The brain is intrinsically physical, and subject to thousands of influences including injury, chemicals manufactured within the body, chemicals invading or inserted into the body, and the effects of aging. One has only to visit mental wards, nursing homes, and back alleys to see humans out of touch and apparently in another world. Even primitive man suffered these problems, becoming psychotic with grief or fear or even born psychotic, and discovering to their horror or pleasure that certain foods did more than fill their bellies. Is psychosis and senility intrinsic to man, and does it have a purpose? Yes on both counts, though it often seems a purposeless affliction to those intent on keeping the gears of society running smoothly.

As with fainting, psychosis and senility allows the human animal to disconnect with reality. Catatonic or autistic individuals are, chemically, in a place where they are not feeling anxiety. The world does not exist for them. Delusions serve the same purpose, as the individual can build a world about them that meets their needs. How much different are delusions from the games people play with themselves to make themselves more secure, more attractive, or more valued in their own eyes than they are in the eyes of others. Depression serves a purpose in causing the individual to retract and withdraw from a world that is causing injury. Time to reflect and plot a new course. Senility, outside of the genetic disease which is Alzheimer's, is greatest in those who have the least to live for. Activity and involvement actually prevents senility. Senility blunts the awareness of the aged, so they can reminisce about happier days when they were younger.

Human society sees psychosis as a problem because it is a disruption, but mostly because of the apparent pain the afflicted are in. Is the autistic child not frozen in fear? Is the chronic depressive not missing out on life? Is the paranoid schizophrenic not constantly on the alert and never at rest? What is not taken into the equation is what the world of the individual is like without psychosis - where pain is born quietly but is more intense. Psychosis is noisy and noticeable, where the pre-psychotic individual is usually quiet and well behaved. Then is psychosis not a problem? Of course it is, as it is the signal flag of misery.
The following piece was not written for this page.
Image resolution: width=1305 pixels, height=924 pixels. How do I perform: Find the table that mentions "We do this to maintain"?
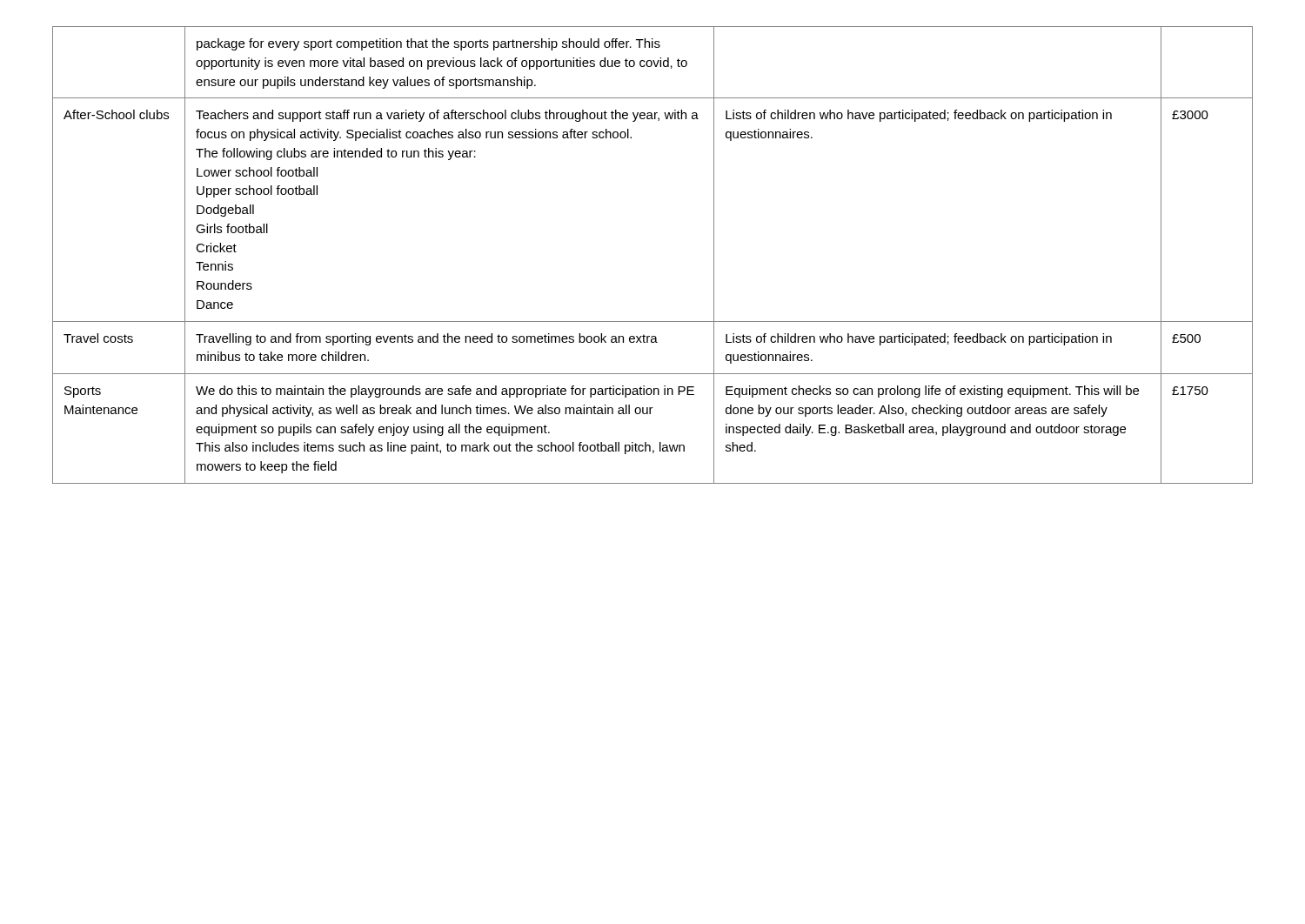tap(652, 255)

Infants born psychotic are thus because the genetic throw of the dice gave them an ultra sensitive nature, and they are doomed to live in the sheltered world they live in. Depressives recover when they change the life situation that is distressing them, sometimes with dramatic swiftness. That so many depressives do not recover but mask their unhappiness with antidepressants does not point to the illness as being intractable so much as it points to the rigidity of society. Schizophrenics react to the same stresses as other humans, but with a stronger and quicker reaction. This is widely recognized in giving schizophrenics a more sheltered environment, but as the press is for society to reabsorb the individual, any respite from the chemical surges is short lived. Anti-psychotic drugs simply mask the raging surges, as though the fire hose were perpetually turned on the blaze so that one can say that the fire is out. The problem here is not so much that a psychosis ensues due to life stresses as that society has rigid expectation for all its citizens.

Does psychosis occur in the animal kingdom, outside of the human animal? Most certainly, a fact that veterinarians will be the first to attest to. Psychotic pets, however, are usually given the life changes that are indicated, and recover. Human society is not so kind to the human animal, who is generally drugged and told to struggle on, in place.